The wood expands or contracts in width whereas the edge pieces do not expand in width. Something has to give and the top cracks.
The topic of wood finishing is another large one. Here's a simple summary of some easy finishing options.
I like fool-proof method. Above are some of my favorite options. Things to consider in a finish are:
- How well does it seal the wood from moisture exchange with the atmosphere
- How well does it resist abrasion in use
- How easy is it to apply
- How quick does it try
One of my favorite finishes is Wipe-On Polyurethane. It's one of the best finishes at sealing and protecting the wood. It can be wiped on with a clean cloth and is easy to get looking good. There are solvent based and water based versions. I like the water based version because it is environmentally safe and much better to breath.
Another favorite finish is Shellac. It comes in various shades from clear (platinum), to yellow (blonde) to orange (amber). It seals and protects well and is easy to fix in case of damage to the finish. The solvent is denatured alcohol. I usually apply it with a foam pad or brush.
Danish Oil is another easy wipe-on option. It imparts a subtle color to the wood. It dries and builds quite slowly relative to the other finishes. It's more of an "in the wood" look rather than a surface coat look.
There are lots of options for stain. For hardwood I prefer the natural color of the wood. For sheet good I sometimes stain to get a more pleasing color. Gel Stains are especially easy because there is no risk of runs - it's a wipe-on product.
Finally, Paint is one of the best sealers of the wood. It can often cover in one coat. I don't find it as easy as wipe-on finishes but with care and a good brush a nice finish can be achieved.
The International Wood Collectors SocietyI am a member of the International Wood Collectors Society. This is a group of people who have an interest in working with wood, its identification, and collecting samples.
I have about 220 species in my collection. The standard sample size our members collect is 6" x 3" x 1/2".
Wood VeneerWood veneer refers to thin slices of wood, most often thinner than 2 mm (1/16 inch). Veneer can be purchased as single sheets, sheets backed with a material added for strength, or as series of sheets in the same order they were cut from a log.
Veneer is created either by slicing away at the trunk of a tree or by slicing large rectangular blocks of wood known as "flitches". The appearance of the grain comes from slicing through the growth rings of a tree. The appearance greatly depends on the angle at which the wood was sliced. There are three main methods of veneer-making:
- A lathe which rotates the log against a wide, sharp blade. The veneer is peeled off in one continuous roll. Rotary-cut veneer is mainly used for plywood, as the appearance is not as desirable as other methods because the veneer is cut concentric to the growth rings.

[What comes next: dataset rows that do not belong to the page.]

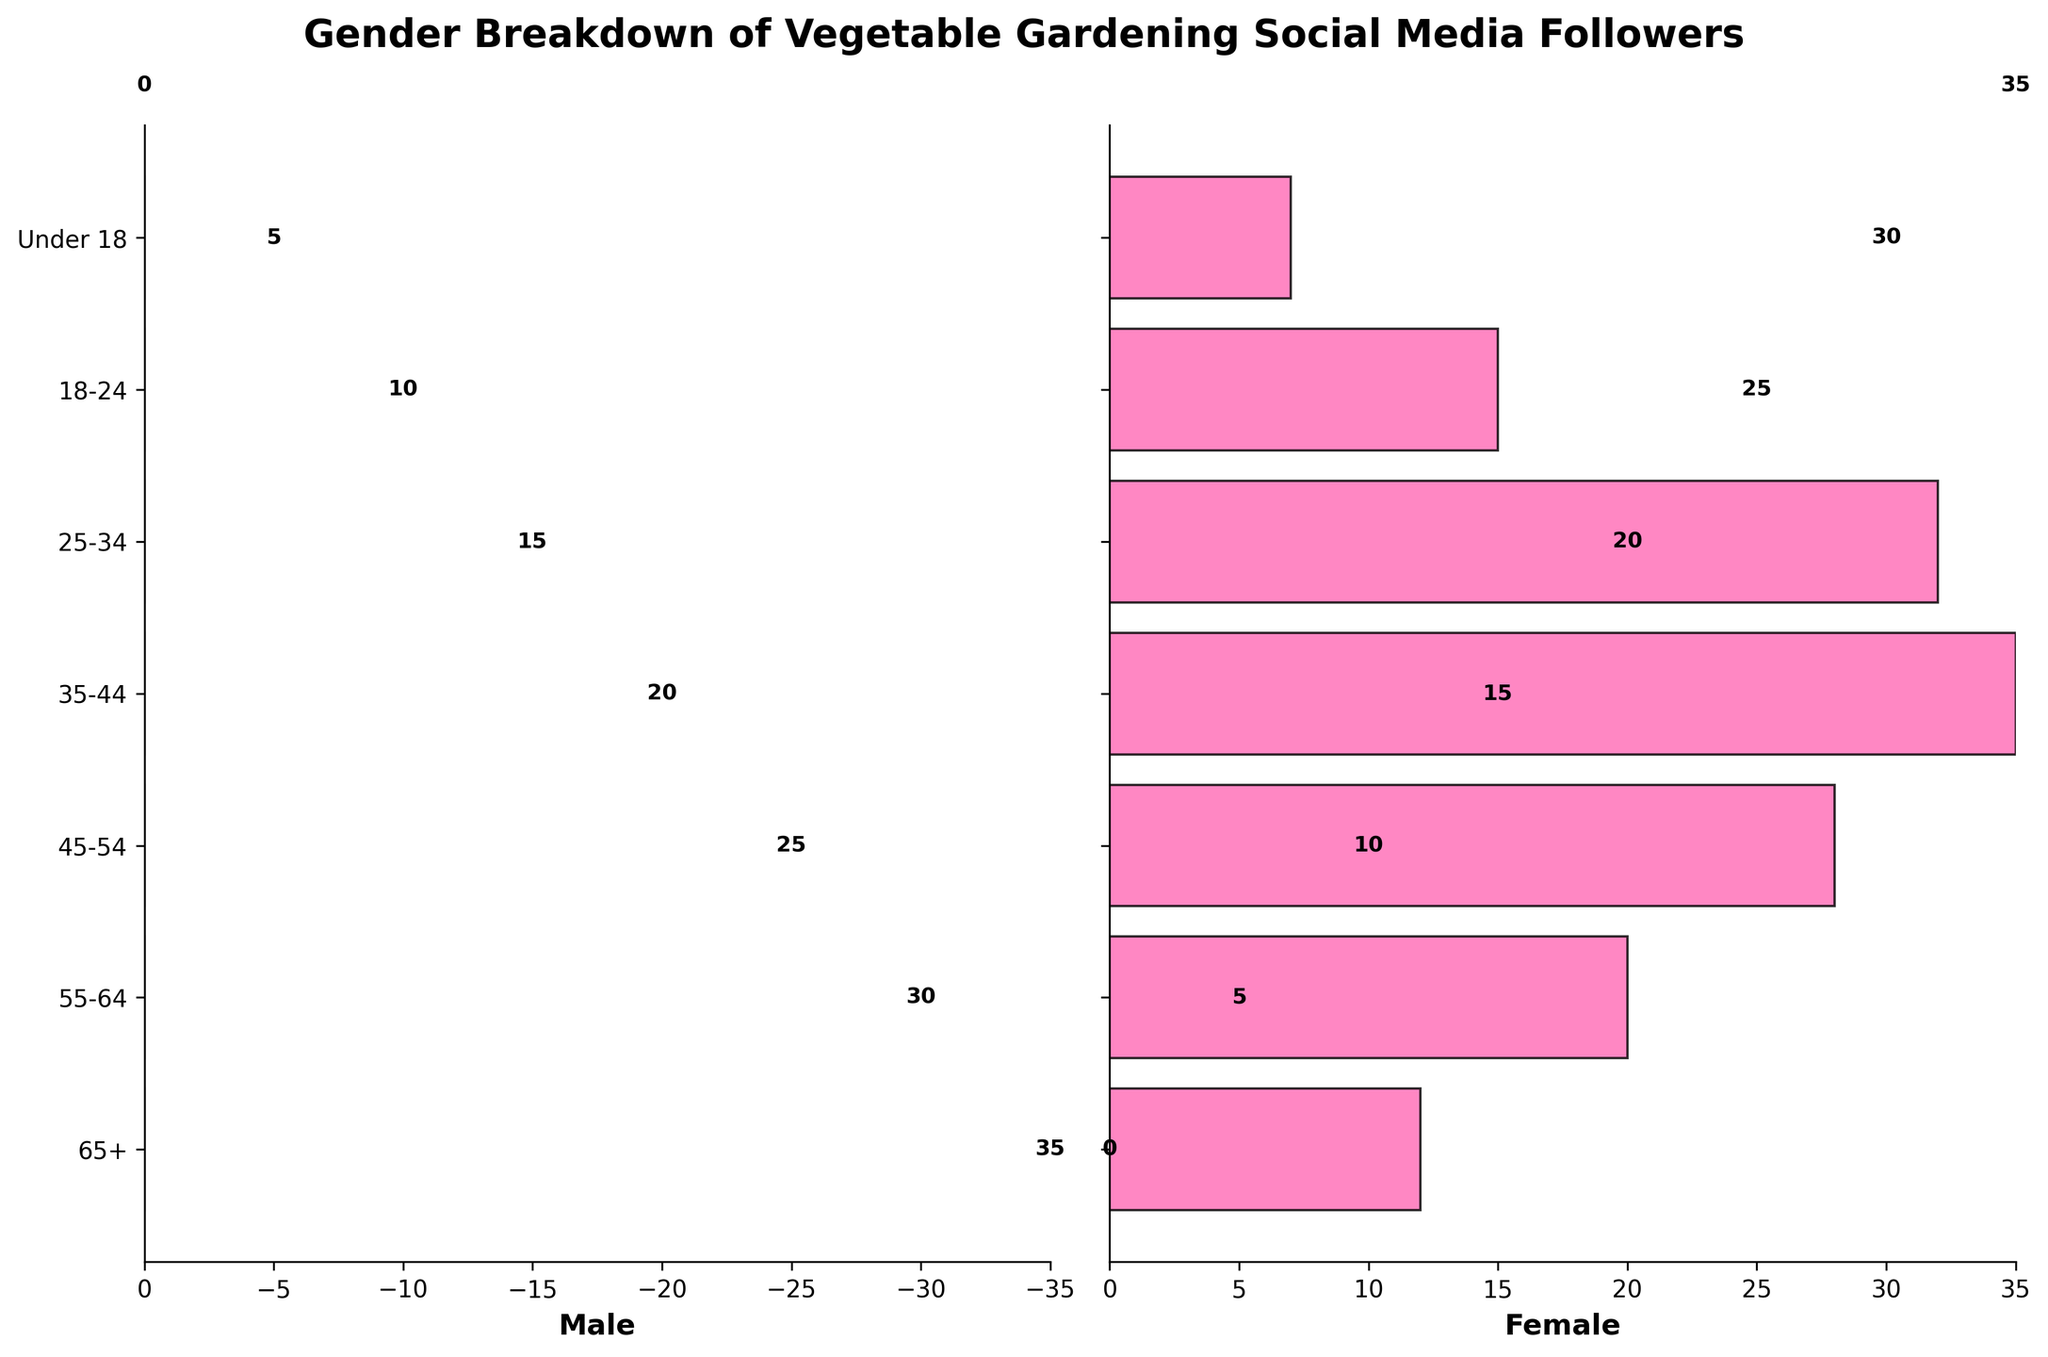What is the total number of male followers in the 25-34 age group? According to the plot, the number of male followers in the 25-34 age group is -25. Since we only care about the magnitude, we use the absolute value.
Answer: 25 Which age group has the highest number of female followers? From the plot, the age group 35-44 has the highest positive bar length for females, indicating it has the most female followers.
Answer: 35-44 What is the difference in the number of followers between males and females in the 45-54 age group? For the 45-54 age group, the numbers are 22 males and 28 females implying a difference of 28 - 22.
Answer: 6 Which age group has the smallest number of male followers? The age group with the smallest male followers is Under 18 as its negative bar has the smallest magnitude.
Answer: Under 18 Compare the number of female followers in the 65+ age group to the number of male followers in the same age group. The number of female followers in the 65+ age group is 12, while the number of male followers is 8. Comparing these values, females have more followers.
Answer: Females have more What is the total number of followers (both genders combined) in the 18-24 age group? The number of male followers is 10, and female followers is 15. The total followers is 10 + 15.
Answer: 25 How does the number of male followers in the 35-44 age group compare to female followers in the same group? The 35-44 age group has 30 male followers and 35 female followers. Thus, comparing these values, there are more females.
Answer: More females What is the most balanced age group in terms of gender ratio? The 18-24 age group has 10 male followers and 15 female followers, making it the most balanced (difference is 5). The other groups have larger differences.
Answer: 18-24 Is the number of female followers in the 25-34 age group higher than in the 55-64 age group? The number of female followers in the 25-34 age group is 32, whereas it is 20 in the 55-64 group. Thus, it is higher for the 25-34 group.
Answer: Yes What is the percentage of female followers in the 35-44 age group compared to total followers in that group? The total number of followers in the 35-44 age group is 30 (male) + 35 (female) = 65. The percentage for female followers is (35 / 65) * 100%.
Answer: 53.8%

- A machine which slides the board or piece of log against a sharp blade. The machine raises and lowers the wood repeatedly as the slices are made. This produces veneer that looks like it was sawn across the growth rings. This veneer is referred to as "cross cut".
- A lathe which operates on half-round sections of wood. The machines operates by turning and moving the wood in such a way as to expose the most interesting parts of the grain, creating a superior appearance. This veneer is referred to as "rift cut."